We have many definitions for it, and we toss around the term sometimes pejoratively, sometimes humorously. But surely one of our most familiar definitions of insanity, typically misattributed to Albert Einstein, is doing the same thing again and again, and expecting different results.
This week’s horror at Marjory Stoneman Douglas High School was the 8th school shooting in 2018, and the 30th mass shooting in six weeks. There is so much of late that feels insane. When we have 14 year olds gunned down in our halls of learning on a regular basis, we face such an abomination of our communal and national ideals I struggle to find a more soul-shattering illustration of insanity. The conversations I’ve had over the past two days, with our middle schoolers, with my 9 year old daughter, remind me of just how far the insanity spreads.
But it is actually our response to such tragedy that I want to focus on tonight.
In the immediate moments after hearing of horror, our psyche begins to reel and spin. And so begins the centripetal force moving responsibility outward onto the world around us. Before the screams have stopped echoing, before funerals have taken place, before our collective hearts have fully broken open, the soapboxes are placed, and the clarion calls for change fill our screens and airwaves. Gun control. Mental health support. Violent video games. Social media. We rage at politicians, at classmates or teachers who should have seen the signs, at parents, at psychologists. We fill our conversations with the rhetoric of what others should have done to prevent this, and what others need to do to stop it from ever happening again.

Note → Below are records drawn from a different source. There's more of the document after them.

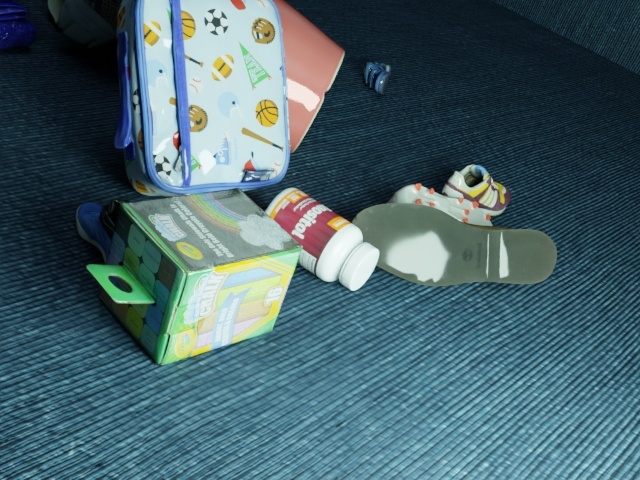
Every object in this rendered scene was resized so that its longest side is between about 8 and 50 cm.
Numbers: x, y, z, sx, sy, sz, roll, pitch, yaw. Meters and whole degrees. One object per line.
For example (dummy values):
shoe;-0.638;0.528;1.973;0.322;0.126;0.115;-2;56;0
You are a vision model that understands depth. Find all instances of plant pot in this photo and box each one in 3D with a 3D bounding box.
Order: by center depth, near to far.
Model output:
plant pot;-0.110;-0.281;1.402;0.243;0.275;0.275;28;28;-9

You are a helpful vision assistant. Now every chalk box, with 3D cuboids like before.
chalk box;-0.152;0.039;0.941;0.213;0.132;0.132;-12;44;-43

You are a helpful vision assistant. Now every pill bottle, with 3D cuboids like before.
pill bottle;0.000;0.000;1.145;0.152;0.086;0.086;33;31;21

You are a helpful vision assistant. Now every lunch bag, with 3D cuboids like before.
lunch bag;-0.166;-0.200;1.182;0.243;0.304;0.115;-5;2;-36

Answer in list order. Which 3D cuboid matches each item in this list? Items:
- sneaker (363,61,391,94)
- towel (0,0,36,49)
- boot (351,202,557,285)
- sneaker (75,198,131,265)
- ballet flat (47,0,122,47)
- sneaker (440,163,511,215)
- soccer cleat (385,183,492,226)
sneaker;0.120;-0.355;1.854;0.059;0.053;0.144;19;21;-5
towel;-0.646;-0.377;1.379;0.227;0.076;0.308;36;33;25
boot;0.183;0.012;1.264;0.305;0.112;0.115;9;1;-12
sneaker;-0.248;-0.023;1.028;0.058;0.085;0.152;-2;36;-34
ballet flat;-0.409;-0.447;1.553;0.164;0.182;0.483;43;5;-36
sneaker;0.280;-0.090;1.475;0.185;0.084;0.069;-15;44;-46
soccer cleat;0.192;-0.038;1.359;0.196;0.076;0.068;21;60;-29
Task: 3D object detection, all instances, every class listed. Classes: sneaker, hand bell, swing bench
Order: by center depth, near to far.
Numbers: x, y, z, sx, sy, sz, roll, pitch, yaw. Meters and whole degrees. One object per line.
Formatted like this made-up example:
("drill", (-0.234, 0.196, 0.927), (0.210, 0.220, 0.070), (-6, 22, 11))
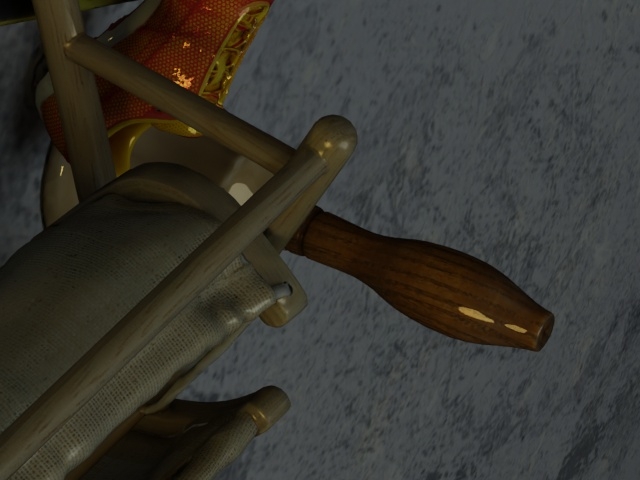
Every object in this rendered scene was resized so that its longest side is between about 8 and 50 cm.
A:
("swing bench", (-0.134, 0.071, 0.739), (0.253, 0.165, 0.254), (-45, 157, -39))
("sneaker", (-0.053, -0.087, 0.824), (0.175, 0.067, 0.064), (-41, 169, 32))
("hand bell", (0.000, 0.000, 0.888), (0.126, 0.242, 0.126), (-45, 149, -37))

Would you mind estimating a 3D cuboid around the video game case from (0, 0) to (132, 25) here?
("video game case", (-0.088, -0.227, 0.761), (0.248, 0.035, 0.274), (-23, 131, -56))
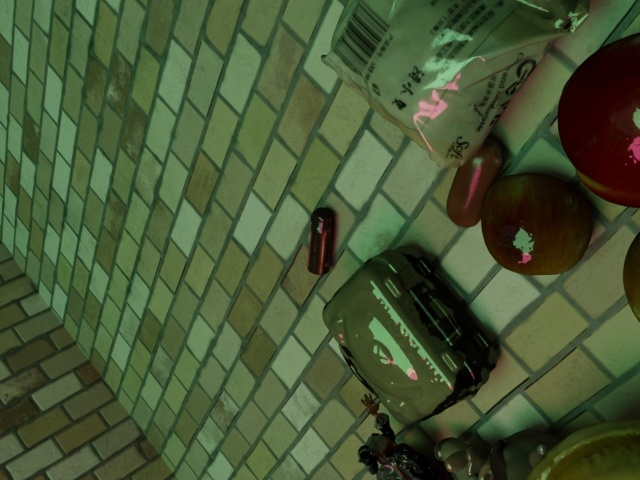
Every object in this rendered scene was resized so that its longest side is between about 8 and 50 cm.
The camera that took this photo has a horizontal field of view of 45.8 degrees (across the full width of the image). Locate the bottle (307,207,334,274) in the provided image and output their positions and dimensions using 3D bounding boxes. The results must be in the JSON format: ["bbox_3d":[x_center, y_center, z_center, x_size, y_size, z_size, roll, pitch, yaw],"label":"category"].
[{"bbox_3d":[0.000,0.000,1.775,0.060,0.060,0.164,31,132,32],"label":"bottle"}]

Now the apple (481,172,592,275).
[{"bbox_3d":[0.364,-0.028,1.303,0.195,0.160,0.173,3,93,40],"label":"apple"}]

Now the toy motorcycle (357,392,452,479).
[{"bbox_3d":[0.181,0.519,1.783,0.207,0.134,0.401,6,141,44],"label":"toy motorcycle"}]

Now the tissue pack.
[{"bbox_3d":[0.194,-0.352,1.234,0.390,0.195,0.375,48,132,19],"label":"tissue pack"}]

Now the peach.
[{"bbox_3d":[0.486,-0.161,1.035,0.361,0.201,0.258,1,112,47],"label":"peach"}]

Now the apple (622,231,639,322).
[{"bbox_3d":[0.558,0.057,1.082,0.237,0.237,0.207,5,148,46],"label":"apple"}]

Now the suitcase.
[{"bbox_3d":[0.163,0.224,1.625,0.351,0.194,0.339,54,143,10],"label":"suitcase"}]

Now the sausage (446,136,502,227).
[{"bbox_3d":[0.281,-0.106,1.394,0.077,0.077,0.194,38,137,26],"label":"sausage"}]

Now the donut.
[{"bbox_3d":[0.529,0.505,1.276,0.448,0.198,0.449,2,103,8],"label":"donut"}]

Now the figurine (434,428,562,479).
[{"bbox_3d":[0.392,0.493,1.552,0.380,0.203,0.248,-4,103,61],"label":"figurine"}]

And then it happens again. And the same words are offered. The same messages delivered. The same conversations started and concluded. Again. And again. And again. And even as we grow weary, even as we despair, we play our part in the same cycle of moving out responsibility onto the shoulders of others, and embrace the insanity of doing the same thing and expecting different results. The blood of children cries out to us this week, and I at least have done a fabulous job at redirecting the horror, the shame, the rage onto the shoulders of things and people beyond myself. But I have done this before, and perhaps it’s time for a new path.
Over the past two weeks we’ve read of the Israelite’s revelation at Mount Sinai; when God charges this redeemed clan of slaves to become a holy nation. We can imagine the Israelite’s shock, having faced a string of supernatural terrors; walking through a split sea, wandering in the desert and relying on manna from heaven, standing at the base of a mountain surrounded with smoke and fire and hearing ethereal shofar blasts. They are threatened with divinely-ordained death, trembling in fear and uncertainty.

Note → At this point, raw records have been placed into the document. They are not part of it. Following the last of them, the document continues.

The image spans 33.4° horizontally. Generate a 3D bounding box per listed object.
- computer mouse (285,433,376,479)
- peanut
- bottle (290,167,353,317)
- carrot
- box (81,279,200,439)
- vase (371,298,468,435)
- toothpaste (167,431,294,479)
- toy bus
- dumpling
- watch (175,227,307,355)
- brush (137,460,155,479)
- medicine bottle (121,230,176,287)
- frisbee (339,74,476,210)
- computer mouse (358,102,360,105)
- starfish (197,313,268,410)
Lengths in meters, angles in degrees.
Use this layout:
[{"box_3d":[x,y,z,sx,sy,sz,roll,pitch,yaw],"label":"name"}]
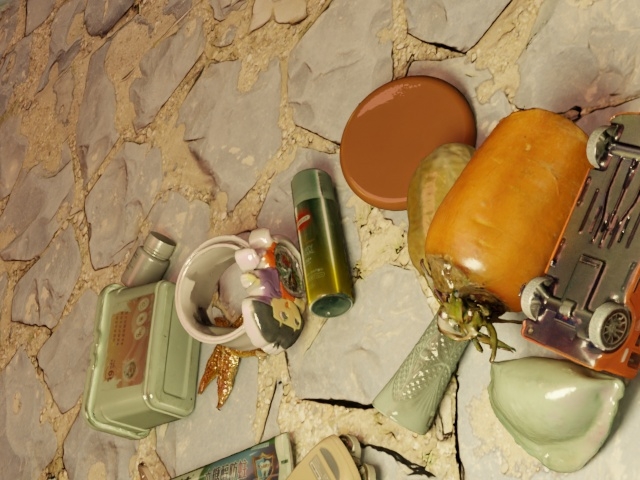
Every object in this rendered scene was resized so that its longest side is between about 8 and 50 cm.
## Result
[{"box_3d":[-0.002,0.422,1.706,0.236,0.082,0.145,-54,38,13],"label":"computer mouse"},{"box_3d":[0.195,-0.045,1.679,0.129,0.129,0.224,-7,66,49],"label":"peanut"},{"box_3d":[0.000,0.000,1.925,0.082,0.082,0.286,-37,46,33],"label":"bottle"},{"box_3d":[0.252,-0.001,1.509,0.331,0.193,0.214,-59,-9,-14],"label":"carrot"},{"box_3d":[-0.345,0.231,2.161,0.182,0.175,0.311,-18,58,36],"label":"box"},{"box_3d":[0.173,0.178,1.619,0.096,0.096,0.219,35,96,52],"label":"vase"},{"box_3d":[-0.185,0.438,1.936,0.392,0.061,0.098,-27,60,40],"label":"toothpaste"},{"box_3d":[0.396,0.005,1.385,0.143,0.153,0.329,23,91,51],"label":"toy bus"},{"box_3d":[0.318,0.222,1.427,0.217,0.149,0.105,-7,32,48],"label":"dumpling"},{"box_3d":[-0.154,0.108,1.933,0.231,0.196,0.244,-17,66,24],"label":"watch"},{"box_3d":[-0.246,0.519,1.930,0.313,0.067,0.072,50,144,35],"label":"brush"},{"box_3d":[-0.378,0.050,2.357,0.130,0.080,0.080,-59,38,8],"label":"medicine bottle"},{"box_3d":[0.144,-0.170,1.818,0.251,0.021,0.250,-9,69,25],"label":"frisbee"},{"box_3d":[0.125,-0.188,1.881,0.099,0.057,0.172,-46,55,10],"label":"computer mouse"},{"box_3d":[-0.179,0.207,2.070,0.240,0.043,0.227,27,91,58],"label":"starfish"}]
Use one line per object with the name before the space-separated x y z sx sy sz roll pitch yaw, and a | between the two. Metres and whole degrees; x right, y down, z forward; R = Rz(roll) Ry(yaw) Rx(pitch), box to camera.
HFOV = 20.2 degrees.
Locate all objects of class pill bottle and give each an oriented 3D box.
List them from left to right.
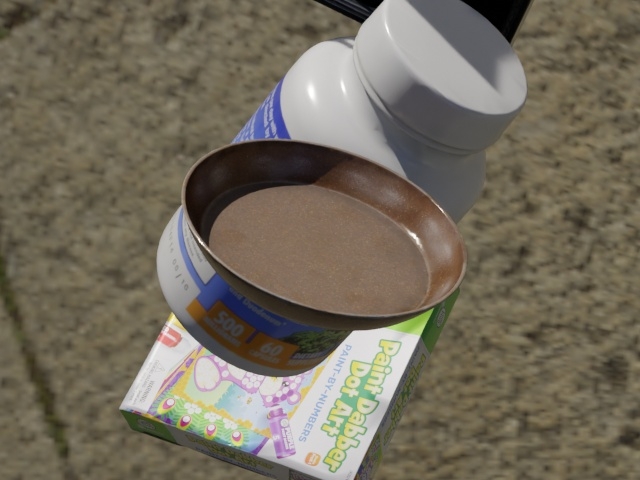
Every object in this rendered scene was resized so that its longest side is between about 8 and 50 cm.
pill bottle | 0.015 -0.040 1.209 0.272 0.152 0.152 -48 58 38

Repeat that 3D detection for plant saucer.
plant saucer | 0.000 0.000 1.026 0.168 0.168 0.029 41 130 32

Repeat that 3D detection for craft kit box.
craft kit box | -0.027 0.104 1.711 0.247 0.061 0.249 17 64 19

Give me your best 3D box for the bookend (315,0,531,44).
bookend | 0.093 -0.222 1.321 0.156 0.072 0.157 27 130 4
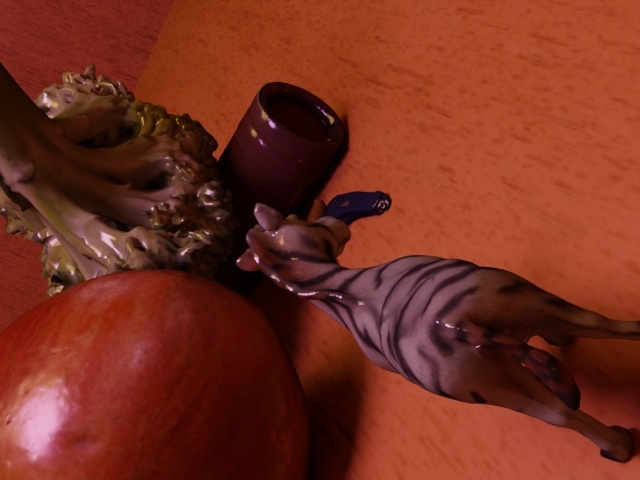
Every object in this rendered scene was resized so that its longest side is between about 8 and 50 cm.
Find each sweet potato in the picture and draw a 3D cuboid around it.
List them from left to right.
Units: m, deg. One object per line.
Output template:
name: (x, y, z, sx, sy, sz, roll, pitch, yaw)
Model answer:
sweet potato: (0.000, 0.000, 1.245, 0.026, 0.026, 0.115, -56, 25, 31)

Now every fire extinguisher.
fire extinguisher: (-0.089, -0.014, 1.421, 0.138, 0.102, 0.344, -36, -17, -55)

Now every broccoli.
broccoli: (-0.270, -0.088, 1.266, 0.353, 0.397, 0.275, -17, 41, 62)

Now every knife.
knife: (0.032, -0.030, 1.197, 0.031, 0.018, 0.121, -64, 17, -12)

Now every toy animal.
toy animal: (0.077, 0.049, 0.742, 0.255, 0.170, 0.090, 14, 87, 54)

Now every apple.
apple: (-0.150, 0.184, 1.046, 0.301, 0.301, 0.301, -55, 22, 34)

And then we open to this week’s Torah portion, Parshat Terumah, as God invites each and every Israelite to bring gifts of gold, silver, bronze, and many other materials. “V’asu li mikdash v’shachanti bitocham, let the Israelites build Me a tabernacle so that I might dwell within them” (Exodus 25:8). And in response to this invitation, the entire community joins together in building a sanctuary for God. But the Hebrew is important here – the purpose of building the tabernacle was not for God to dwell within it, but b’tocham, within them – within the people. As a midrash offers, it was not the Tabernacle that brought God into the people, but the act of each and every person feeling needed and necessary, and engaging in the collective work of building.[1] This, suggest our sages, is what allowed the Israelites to stand in the face of fear and uncertainty, and take the long and winding journey forward – they built together, and stood together, in a way in which each person was needed. And in so doing, God came to be within them.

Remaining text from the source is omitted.